The International Health Regulations (IHR) set out countries’ obligations in relation to control of infectious diseases. While international sanitary conferences and conventions date back to the 1800s, the International Sanitary Regulations were first adopted by the World Health Assembly in 1951, renamed as the International Health Regulations in 1969, and revised in 2005, with the revised IHR taking effect in 2007 (World Health Organization 2011, p. 6). The revised IHR set out a broader and more flexible list of diseases and public health events of which countries are obliged to notify the World Health Organization (WHO) than earlier versions of the IHR (Gostin 2014).
History And Development
Documentation of influenza pandemics dates back to the sixteenth century, with an average of three pandemics per century since then (World Health Organization 2007). There were three influenza pandemics during the twentieth century. The first, known as the “Spanish flu” pandemic, started in 1918. It is estimated that 20–50 million people worldwide died during this pandemic. The influenza pandemics in 1957–1958 and in 1968–1969 were milder and each caused an estimated one to four million deaths (World Health Organization 2011, p. 14). In 2009 the World Health Organization declared an influenza pandemic from the A/H1N1 virus (World Health Organization 2011).
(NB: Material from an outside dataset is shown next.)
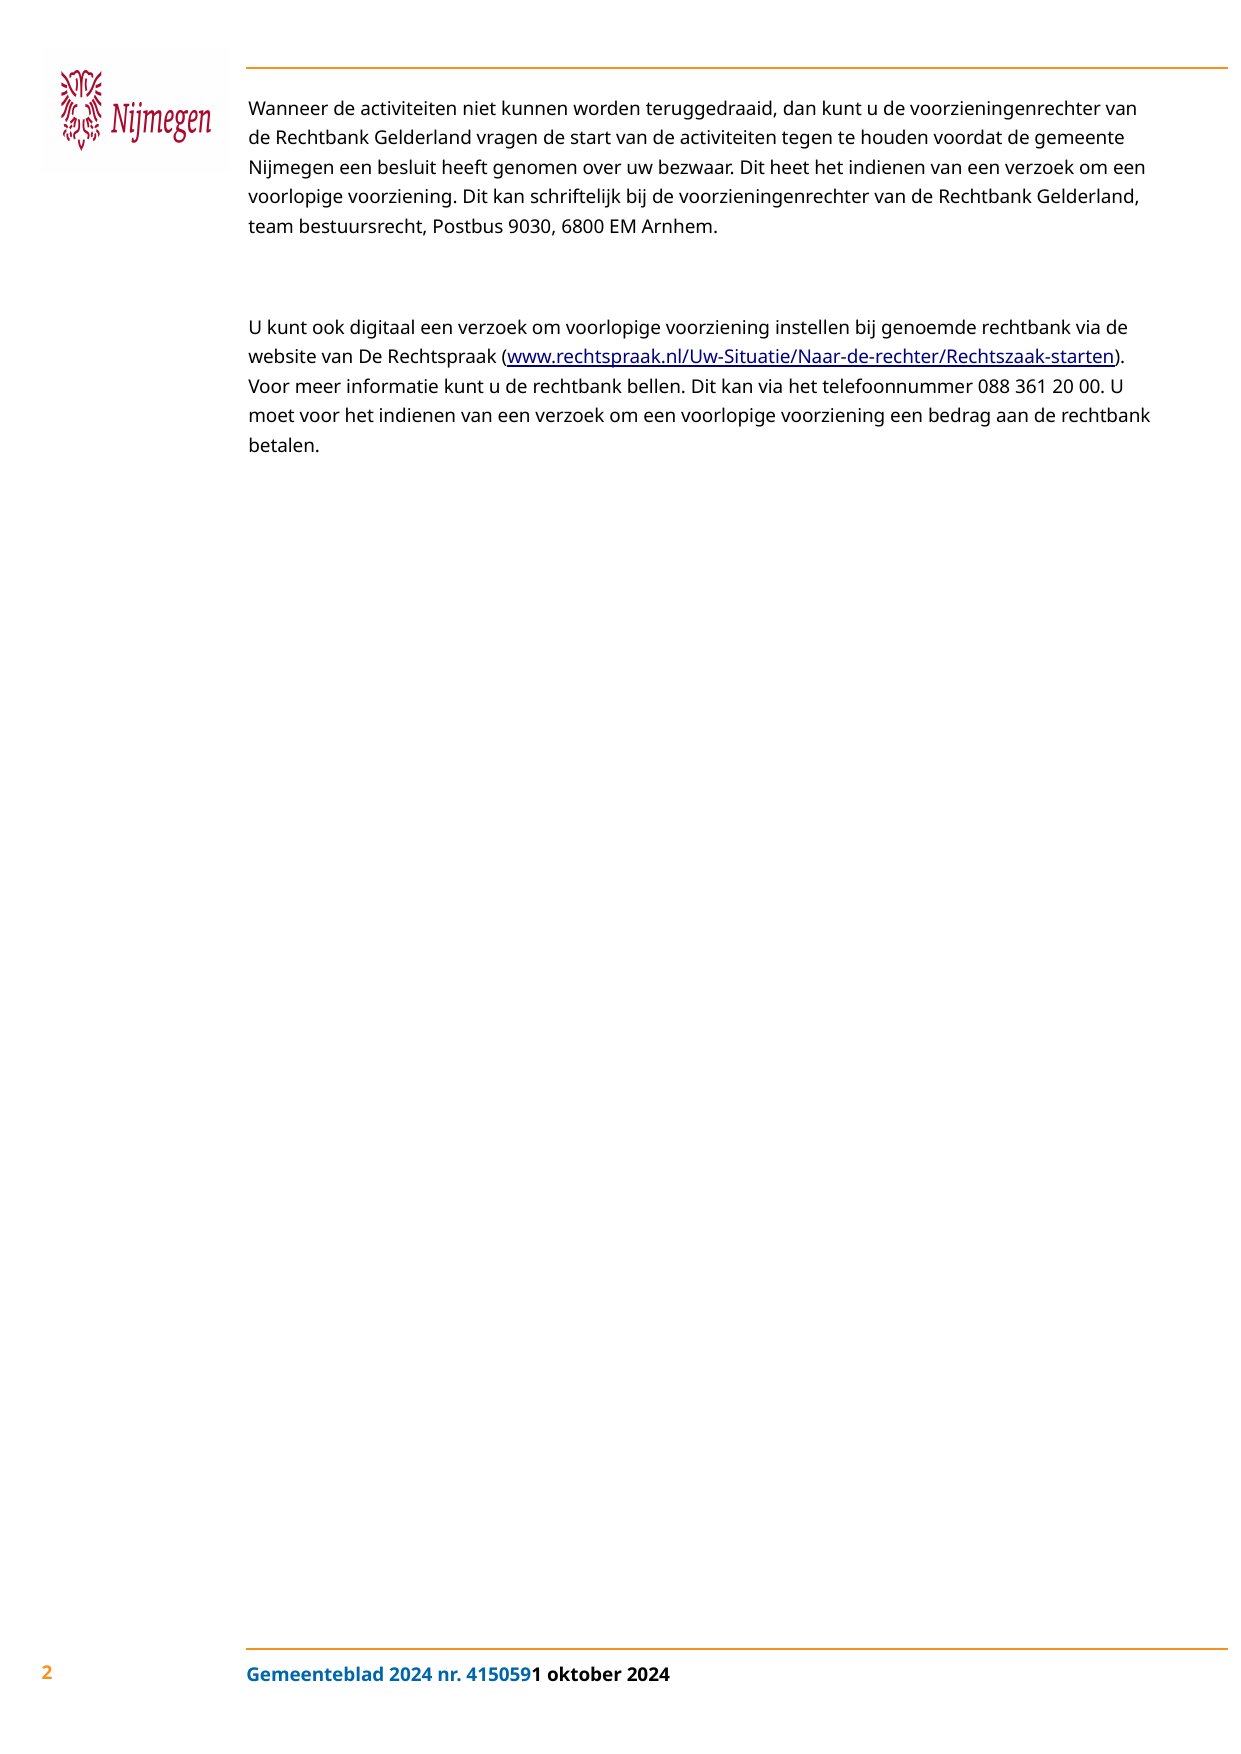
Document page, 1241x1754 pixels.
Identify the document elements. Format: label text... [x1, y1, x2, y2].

picture [41, 47, 231, 172]
text U kunt ook digitaal een verzoek om voorlopige voorziening instellen bij genoemde rechtbank via de website van De Rechtspraak (www.rechtspraak.nl/Uw-Situatie/Naar-de-rechter/Rechtszaak-starten). Voor meer informatie kunt u de rechtbank bellen. Dit kan via het telefoonnummer 088 361 20 00. U moet voor het indienen van een verzoek om een voorlopige voorziening een bedrag aan de rechtbank betalen. [248, 314, 1152, 458]
text Wanneer de activiteiten niet kunnen worden teruggedraaid, dan kunt u de voorzieningenrechter van de Rechtbank Gelderland vragen de start van de activiteiten tegen te houden voordat de gemeente Nijmegen een besluit heeft genomen over uw bezwaar. Dit heet het indienen van een verzoek om een voorlopige voorziening. Dit kan schriftelijk bij de voorzieningenrechter van de Rechtbank Gelderland, team bestuursrecht, Postbus 9030, 6800 EM Arnhem. [248, 95, 1152, 239]

Conceptual Clarification/Definition
A pandemic is defined as the dissemination of a new infective disease to which immunity has not
been developed in a widespread manner across a significant part of the world, encompassing a large region, or several countries. Although often assumed to be associated with high mortality as was the case with the 1918 influenza pandemic, pandemics can be milder events, as demonstrated by subsequent influenza pandemics.
No one pandemic is similar to another, though particular diseases may generate common features. Thus, an influenza pandemic is characterized by: (i) a change in the influenza subtype; (ii) higher mortality rates among younger groups, rather than the elderly traditionally at risk from seasonal influenza; (iii) several waves of the pandemic; (iv) increased transmissibility compared to seasonal influenza; and (v) geographic variation in the impact of the pandemic (Miller et al. 2009). In 1999 the WHO developed a set of “phase alert levels” to assist in clarifying its advice to countries about planning for a pandemic, with the WHO advice updated a number of times since then (World Health Organization 2011).
Bioethical principles have evolved over time, beginning with the enunciation in the US Belmont Report in 1978 of principles of autonomy (respect for persons), beneficence, and justice, popularized by the work of Beauchamp and Childress and later supplemented by a fourth principle of non-maleficence. These principles are relevant to ethical considerations relating to pandemics. Alternative bioethical frameworks, developed to meet criticism of an unduly individualistic focus, place weight on principles of solidarity, communitarian considerations, and interpersonal reciprocity and seek to better accommodate globalization.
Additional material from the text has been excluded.